Perl, Spreadsheet::ParseExcel, Parsing an XLS file with mixed encodings
February 3rd, 2010
No comments
We are using the Perl module, Spreadsheet::ParseExcel->new to parse XLS files and insert the results into a UTF8 MySQL database.
I came across an interesting situation with a Microsoft Excel file, where only 3 fields of the 12 are encoded as UTF-16BE, the rest are latin1.
Parsing a file with mixed encoding returns unexpected results, since the data in the spreadsheet looks correct, but parsing in it one receives incorrect characters.

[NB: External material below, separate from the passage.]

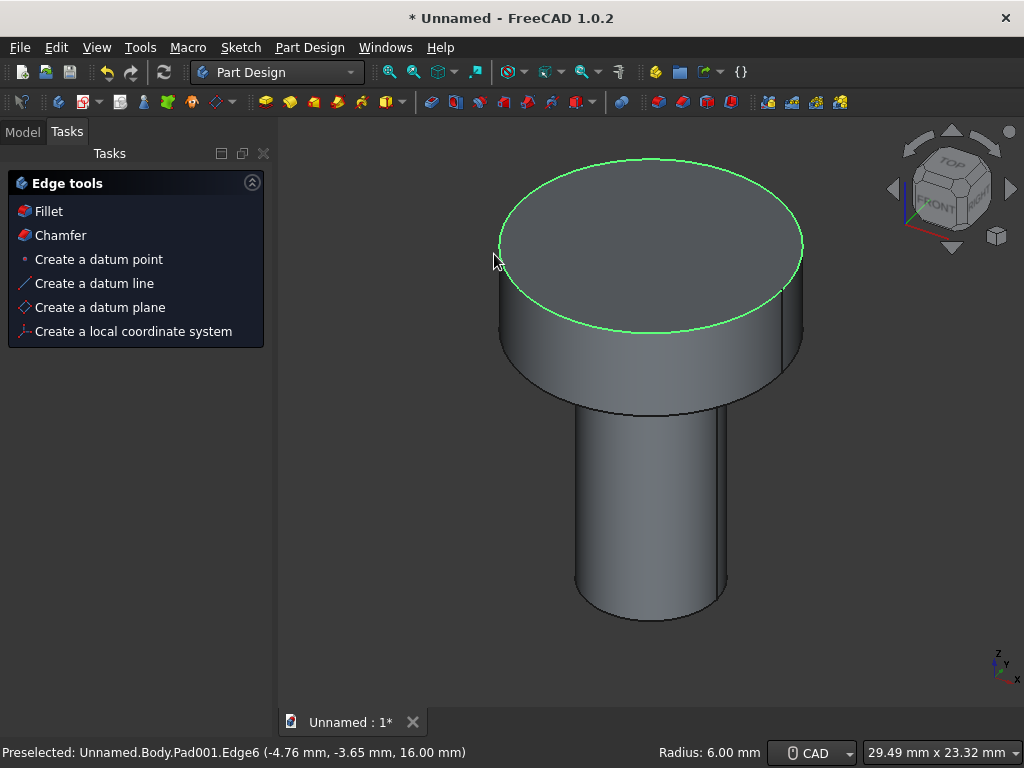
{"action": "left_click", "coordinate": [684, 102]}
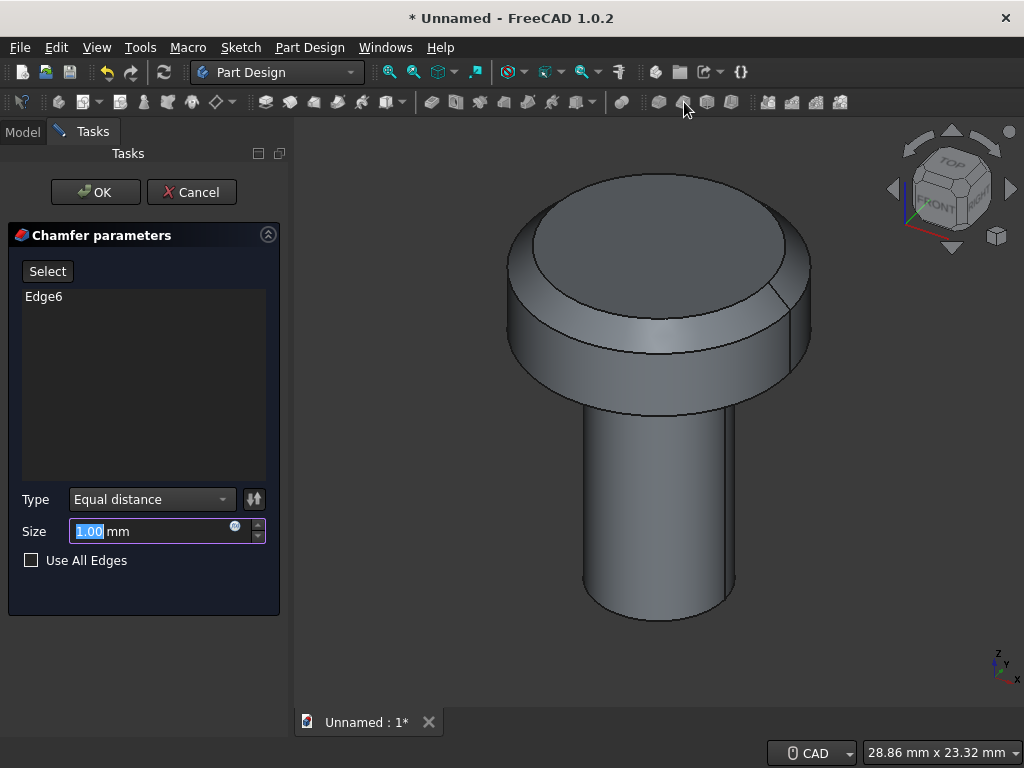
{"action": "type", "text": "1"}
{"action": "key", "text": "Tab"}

Here is some code using Encode::Guess which will resolve the mixed encoding issue.
my $enc = guess_encoding($text); # use Encode::Guess;
if (ref $enc) {
$descr = decode($enc->name, $text);
}
else { # convert to utf8, does not turn on utf8 flag
from_to($text, "iso-8859-1", "utf8");
}
or, if you are already expecting UTF8 data, or more specifically, data with the utf8 flag turned on (perl 5.8.* - see perldoc Encode)

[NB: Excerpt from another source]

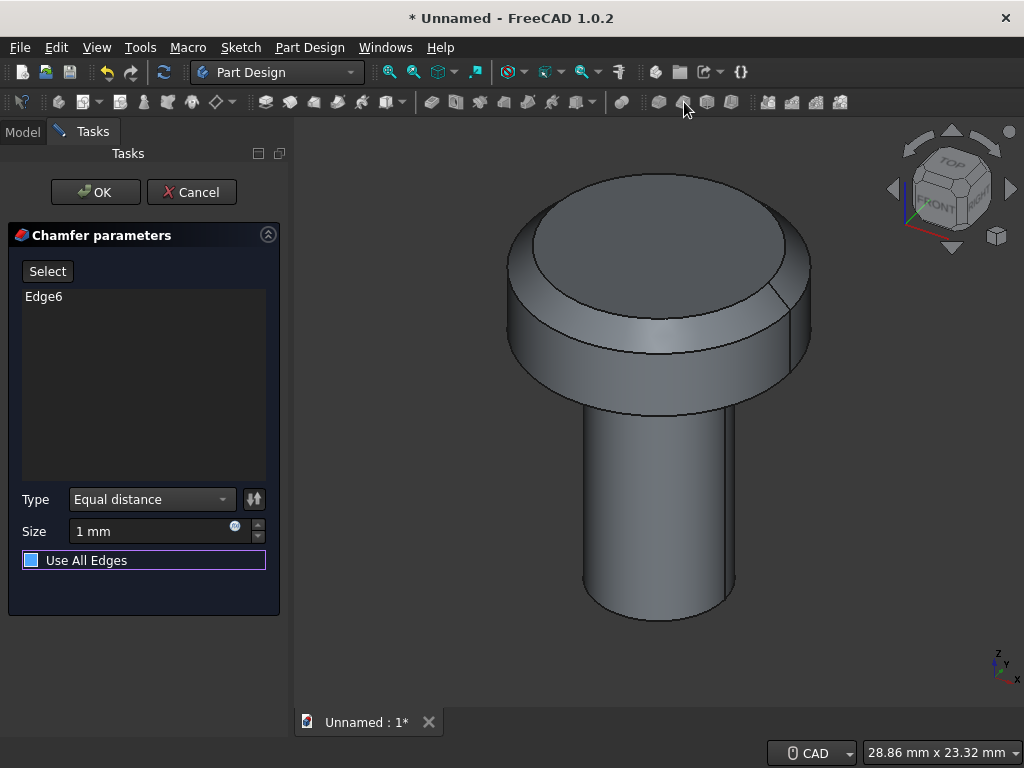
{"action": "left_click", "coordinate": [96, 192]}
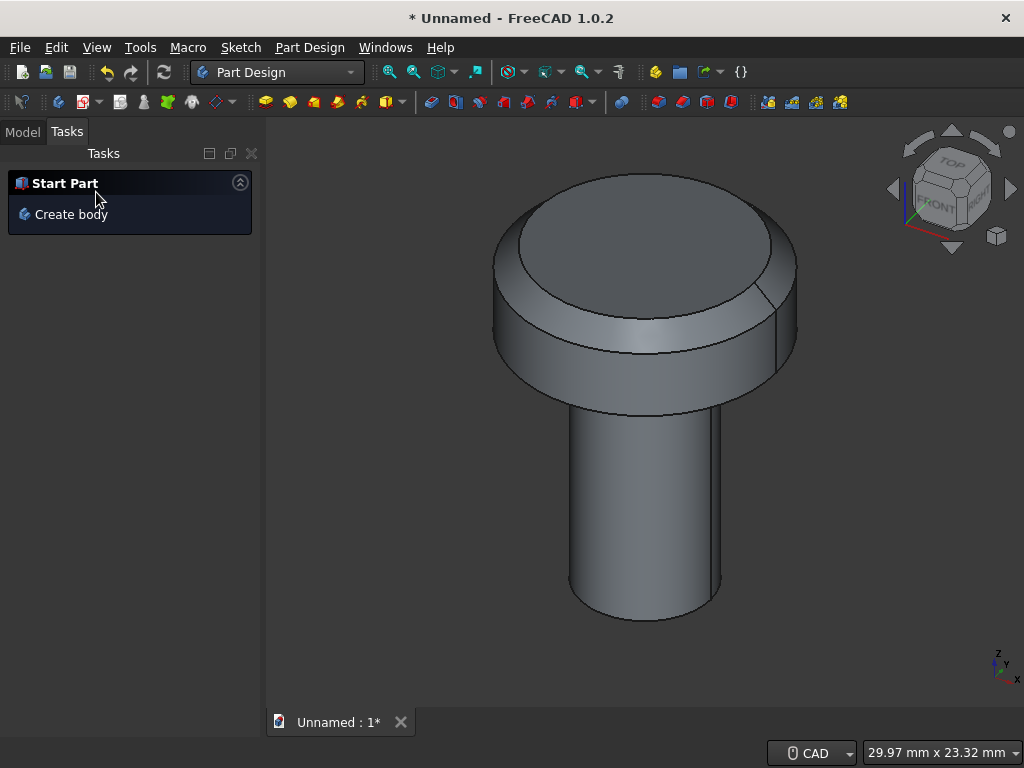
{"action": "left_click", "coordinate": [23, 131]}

use Encode qw/decode from_to/;
use Encode::Guess;
if (! utf8::is_utf8($val)) { # ok, its not utf8, what is it?
my $enc = guess_encoding($val); # use Encode::Guess;
if (ref $enc) {
$val = decode($enc->name, $val); #turns on utf8 flag
}
}
(you would have to use these on a field-by-field/val-by-val basis obviously)